Oh, everyone but themselves. Some people have next to no self-awareness, you see. And if you have no clue what I'm talking about, chances are you're one of them.
Of course, which is kind of my point here. But your rhetorical question only works if the situation is very specific, which is weird given that - as you point out - you have no insight into my situation at work. To summarize, you have no case.
You see, sometimes people use expressions like that in an informal, half-joking manner. But I'm starting to get a feeling for why you seem to be taking this conversation so personally...let's do something else now, shall we?
It’s pretty clear from this thread that people are telling you you’re an asshole based on how you treat other people, directly reflected by your first couple of comments in the chain. To ignore your own earlier behavior and instead goad an argument is simply more evidence that you’re the type of person that generally sucks to work with.
I was off somewhere else very pleasant, heard your voice, and got ripped back here. Sorry I’m not really paying attention to this meeting, and I’m not really sure where in the thread we are at this point.
Obviously that’s acceptable to you, so I know you’re cool with it. I’m gonna go back to dreamland. Nothing you say is important or relevant to me anyhow.
I get that you are determined to put me down because reversing course now would make you wrong, and you’d rather block your ears than ever admit you might have punched the wrong person—but, to assume that people not paying attention in a meeting have an actual, diagnosable, “mental disorder” is really rude to the people who actually do live with those problems.
You really should be ashamed of yourself. Ignoring your peers. Criticizing people who want you to treat others well. Throwing around “mental disorders” with reckless abandon.
In this entire thread I’ve not called anyone a name, but you sir or madam, have earned it. You are an asshole.
…what? How did you even assume all of that from two comments? You sure you’re replying to me and not to the strawman in your head? I haven’t said a single one of the things you’re accusing me of.
Someone is an asshole for accurately describing an adhd symptom?? Lol. I have adhd and my most debilitating symptom is zoning out. You are actually insulting adhd people AND trying to claim moral superiority.
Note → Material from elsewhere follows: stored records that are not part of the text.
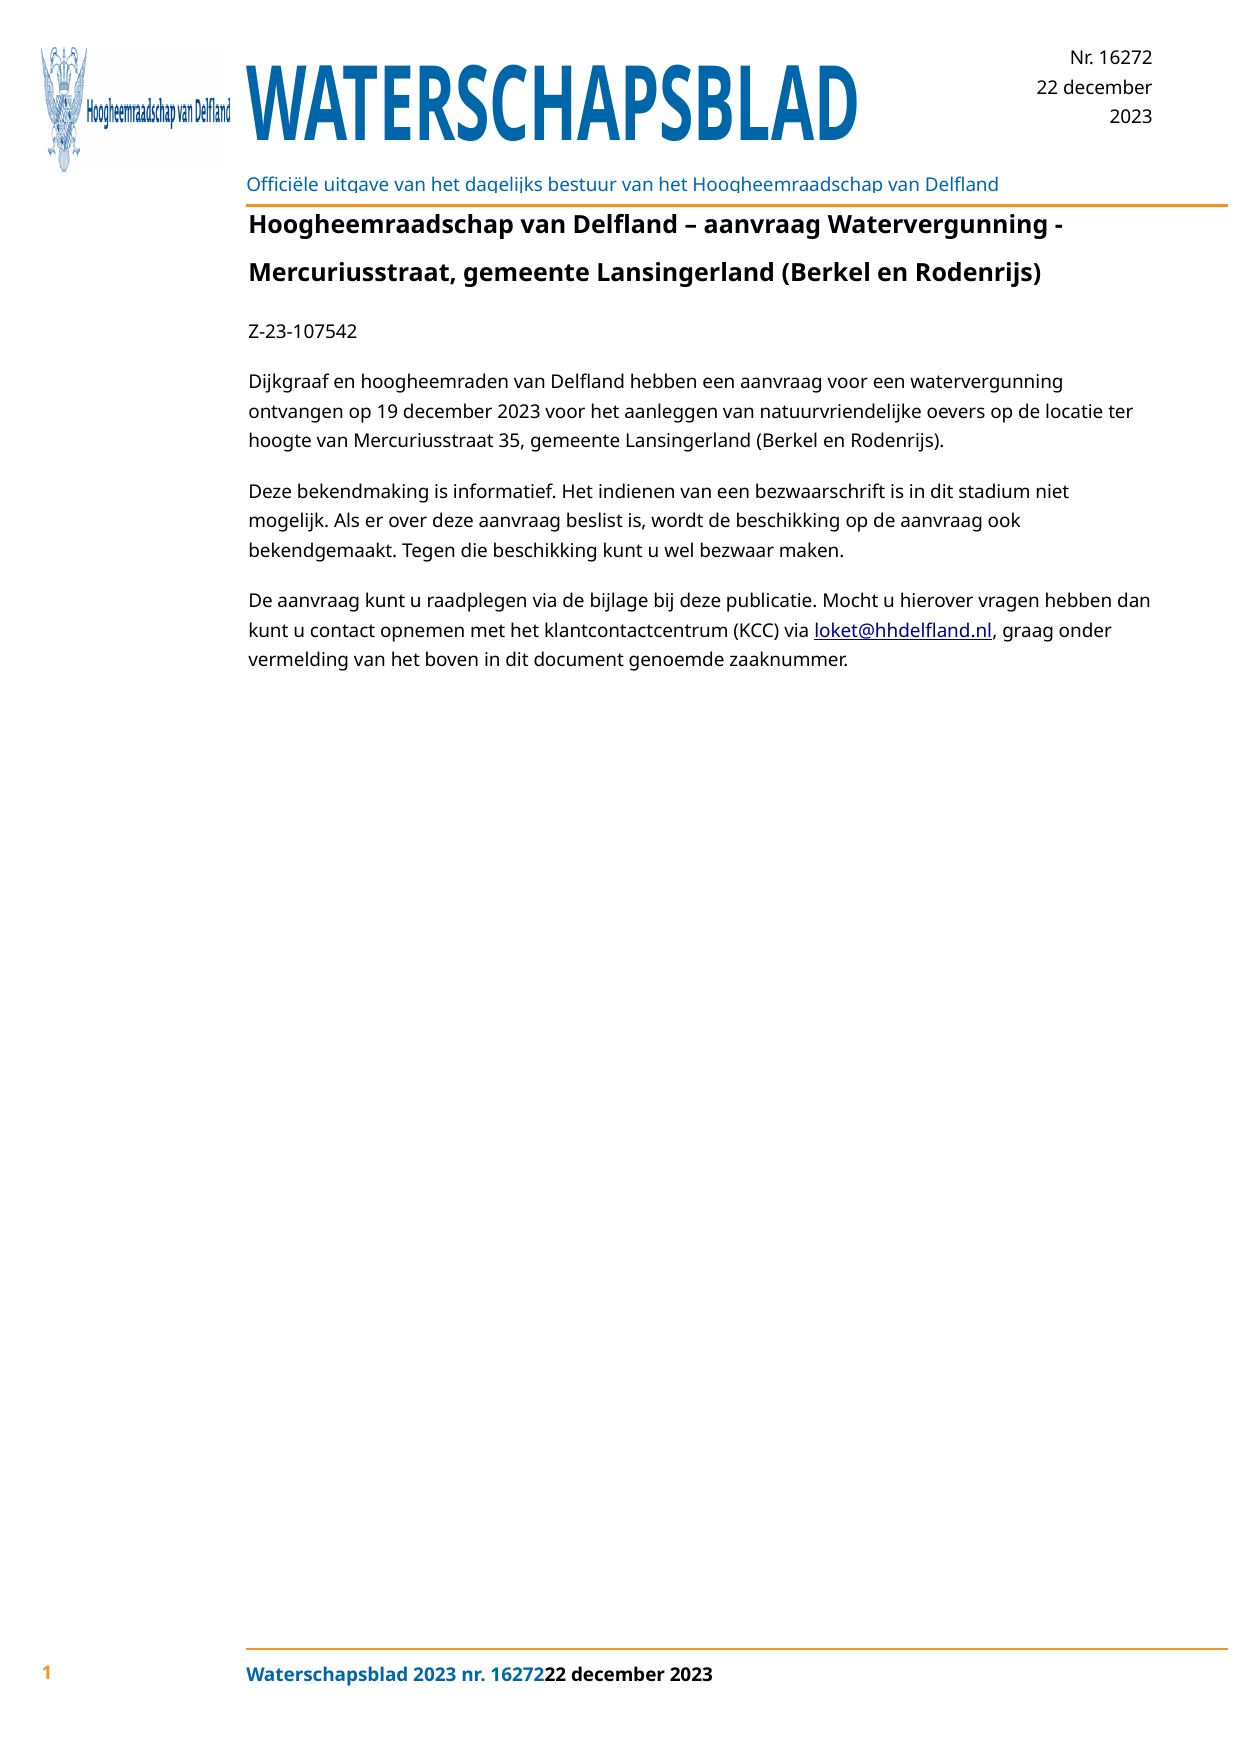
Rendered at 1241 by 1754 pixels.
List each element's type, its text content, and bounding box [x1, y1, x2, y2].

picture [41, 47, 231, 172]
text Z-23-107542 [248, 318, 1152, 344]
text Hoogheemraadschap van Delfland – aanvraag Watervergunning - Mercuriusstraat, gemeente Lansingerland (Berkel en Rodenrijs) [248, 207, 1152, 288]
text Dijkgraaf en hoogheemraden van Delfland hebben een aanvraag voor een watervergunning ontvangen op 19 december 2023 voor het aanleggen van natuurvriendelijke oevers op de locatie ter hoogte van Mercuriusstraat 35, gemeente Lansingerland (Berkel en Rodenrijs). [248, 368, 1152, 453]
text De aanvraag kunt u raadplegen via de bijlage bij deze publicatie. Mocht u hierover vragen hebben dan kunt u contact opnemen met het klantcontactcentrum (KCC) via loket@hhdelfland.nl, graag onder vermelding van het boven in dit document genoemde zaaknummer. [248, 587, 1152, 672]
text Deze bekendmaking is informatief. Het indienen van een bezwaarschrift is in dit stadium niet mogelijk. Als er over deze aanvraag beslist is, wordt de beschikking op de aanvraag ook bekendgemaakt. Tegen die beschikking kunt u wel bezwaar maken. [248, 478, 1152, 563]

Hilarious.
It took a lot of back and forth for them to finally bring that up. They were using it as a weapon, which is in appropriate. They weren’t bringing it up as an exception.
I get it. You see all the downvotes, don’t read any of the comments that led up to this one, pick the one thing that impacts you, and make it all about yourself.
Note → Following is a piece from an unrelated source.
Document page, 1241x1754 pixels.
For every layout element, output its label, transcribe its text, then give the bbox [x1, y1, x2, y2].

There is no moral superiority here. No one is winning anything. No one is a better person.
I’ll go back to my original statement before blocking you as well:
Some people are not able to work from home. Some people don’t pay attention during meetings. If you have a disability that impacts your ability to focus, that’s something you can handle with your coworkers. However, if you are, as they say, a “normal person,” (funny you were ok with that, I wasn’t) you should give your peers respect and pay attention.
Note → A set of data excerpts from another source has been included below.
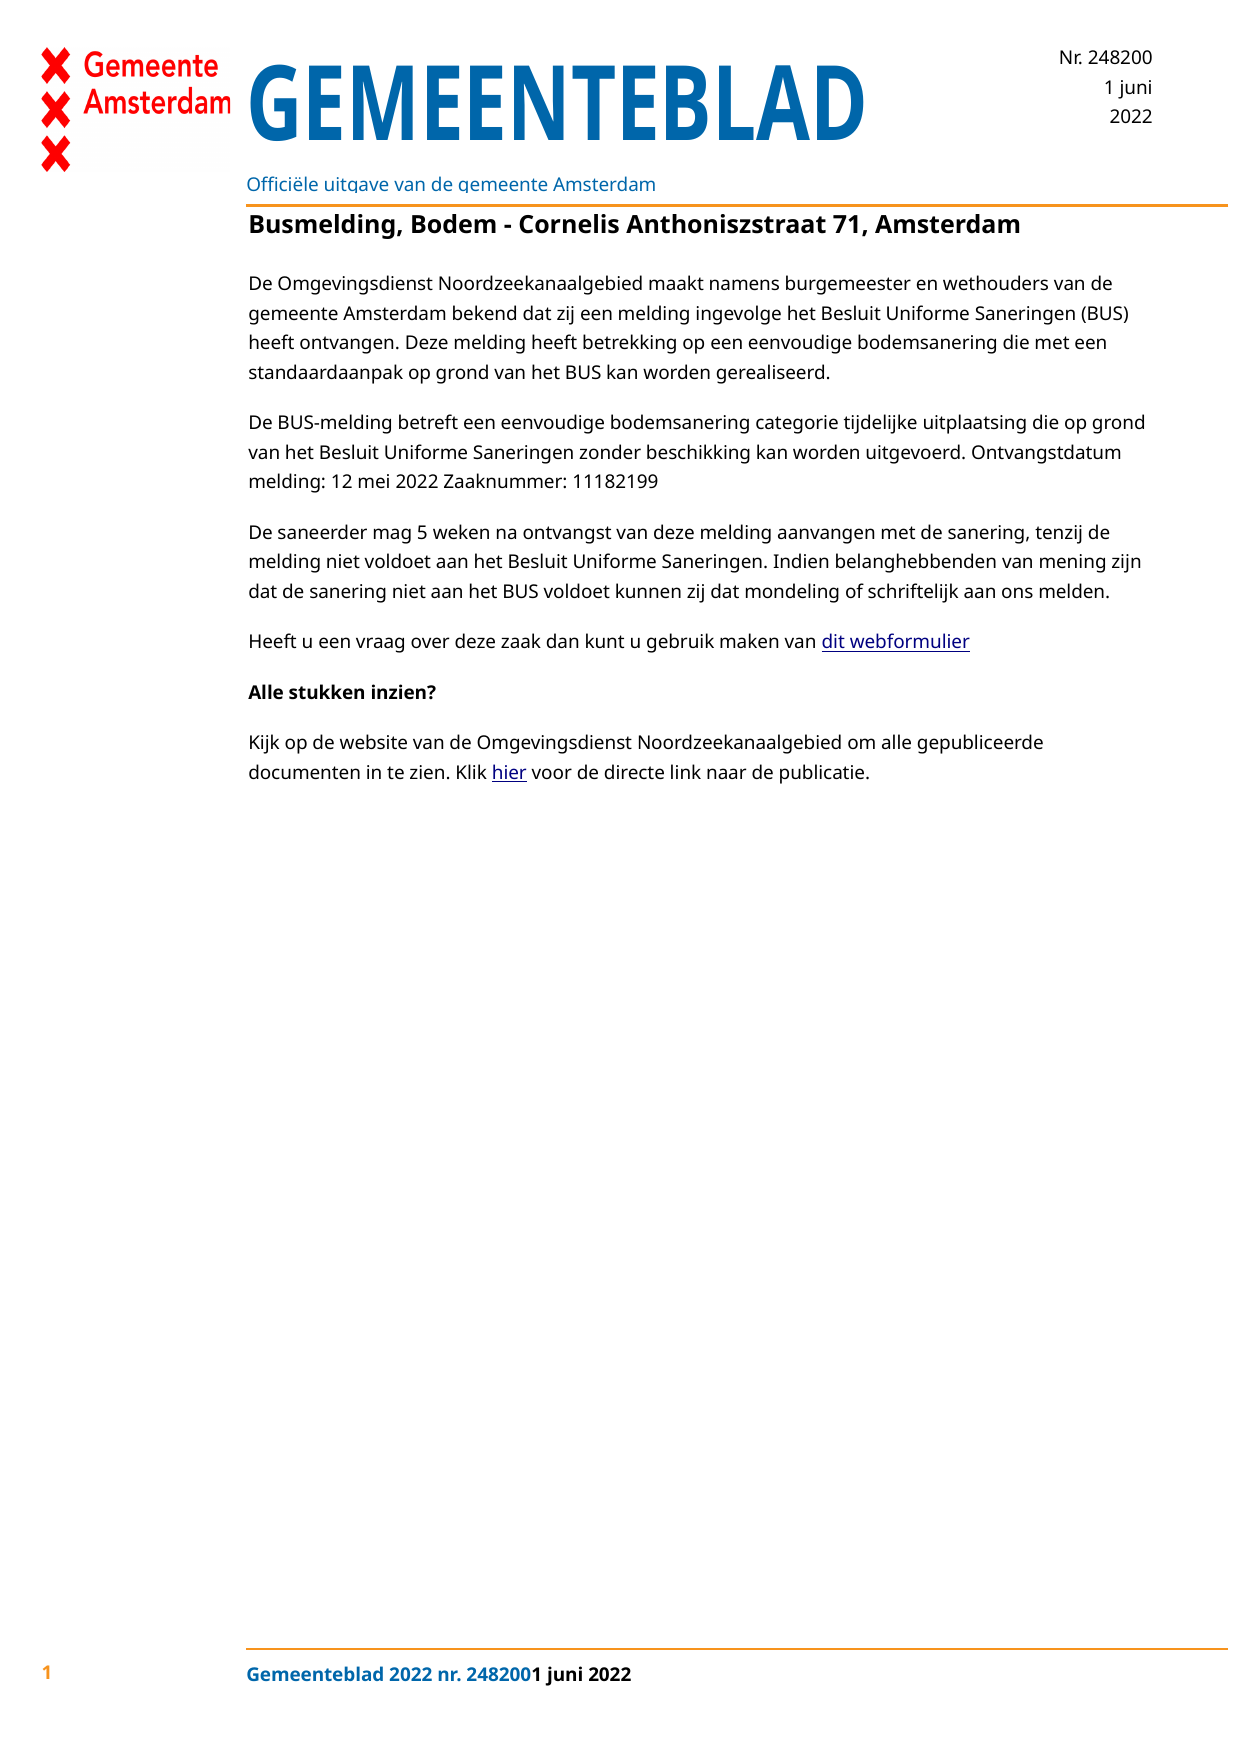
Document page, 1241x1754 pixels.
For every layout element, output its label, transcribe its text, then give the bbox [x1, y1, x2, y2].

text Alle stukken inzien? [248, 679, 1152, 705]
text De saneerder mag 5 weken na ontvangst van deze melding aanvangen met de sanering, tenzij de melding niet voldoet aan het Besluit Uniforme Saneringen. Indien belanghebbenden van mening zijn dat de sanering niet aan het BUS voldoet kunnen zij dat mondeling of schriftelijk aan ons melden. [248, 519, 1152, 604]
picture [41, 47, 231, 172]
text Busmelding, Bodem - Cornelis Anthoniszstraat 71, Amsterdam [248, 207, 1152, 241]
text Kijk op de website van de Omgevingsdienst Noordzeekanaalgebied om alle gepubliceerde documenten in te zien. Klik hier voor de directe link naar de publicatie. [248, 729, 1152, 785]
text Heeft u een vraag over deze zaak dan kunt u gebruik maken van dit webformulier [248, 629, 1152, 654]
text De BUS-melding betreft een eenvoudige bodemsanering categorie tijdelijke uitplaatsing die op grond van het Besluit Uniforme Saneringen zonder beschikking kan worden uitgevoerd. Ontvangstdatum melding: 12 mei 2022 Zaaknummer: 11182199 [248, 409, 1152, 494]
text De Omgevingsdienst Noordzeekanaalgebied maakt namens burgemeester en wethouders van de gemeente Amsterdam bekend dat zij een melding ingevolge het Besluit Uniforme Saneringen (BUS) heeft ontvangen. Deze melding heeft betrekking op een eenvoudige bodemsanering die met een standaardaanpak op grond van het BUS kan worden gerealiseerd. [248, 270, 1152, 385]

I appreciate your comment. I wasn’t trying to be all “you should work, kids these days!” Or anything like that. Obviously I could have just ignored them, but sometimes we gotta die on the hill.
I think a lot of people don’t have a good working environment, and this hit home for them.
I get that people space out. Everyone does it at some point. My takeaway from all this is that I’m really glad I work with a group of people who respect each other and really want to help their fellow coworkers do the job they’ve been paid to do, so we all can pay rent.
I read it as a wild and free traveling cowboy, tricked by a sneaky man dressed as a rabbit. The rabbit-man invites him to a zoom call which in this world is inescable, bringing him to his fate as the boring businessman man in the last panel.